Recorded data =
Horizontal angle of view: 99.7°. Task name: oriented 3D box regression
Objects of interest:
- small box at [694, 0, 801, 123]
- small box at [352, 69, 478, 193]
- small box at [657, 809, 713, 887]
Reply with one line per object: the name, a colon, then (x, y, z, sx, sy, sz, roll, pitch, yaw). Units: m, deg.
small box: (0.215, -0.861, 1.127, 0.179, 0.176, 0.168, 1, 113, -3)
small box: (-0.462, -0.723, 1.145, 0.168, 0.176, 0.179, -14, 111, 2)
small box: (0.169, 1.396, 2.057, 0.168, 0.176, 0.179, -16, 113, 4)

--

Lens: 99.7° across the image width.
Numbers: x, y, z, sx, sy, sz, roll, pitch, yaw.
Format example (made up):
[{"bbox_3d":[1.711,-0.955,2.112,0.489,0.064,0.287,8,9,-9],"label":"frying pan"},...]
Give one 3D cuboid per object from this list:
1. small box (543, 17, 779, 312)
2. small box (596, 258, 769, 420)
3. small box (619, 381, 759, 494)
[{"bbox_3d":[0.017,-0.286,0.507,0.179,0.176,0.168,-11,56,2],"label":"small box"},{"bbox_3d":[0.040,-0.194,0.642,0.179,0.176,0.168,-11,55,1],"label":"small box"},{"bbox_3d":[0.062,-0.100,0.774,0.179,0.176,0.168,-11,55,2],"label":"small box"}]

--

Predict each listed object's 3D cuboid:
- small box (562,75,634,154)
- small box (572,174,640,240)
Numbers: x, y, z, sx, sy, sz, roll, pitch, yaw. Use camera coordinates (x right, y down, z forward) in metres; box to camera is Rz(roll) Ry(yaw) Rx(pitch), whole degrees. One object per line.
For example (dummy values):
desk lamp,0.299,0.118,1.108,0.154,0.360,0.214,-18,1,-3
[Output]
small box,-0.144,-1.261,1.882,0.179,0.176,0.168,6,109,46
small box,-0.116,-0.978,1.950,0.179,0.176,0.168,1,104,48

Exercise directions =
The response should hold exactly the lines starting at the line with "Horizontal angle of" and ending at the line with "- small box at [657, 809, 713, 887]", and no other line of the material above.

Result for this task =
Horizontal angle of view: 99.7°. Task name: oriented 3D box regression
Objects of interest:
- small box at [694, 0, 801, 123]
- small box at [352, 69, 478, 193]
- small box at [657, 809, 713, 887]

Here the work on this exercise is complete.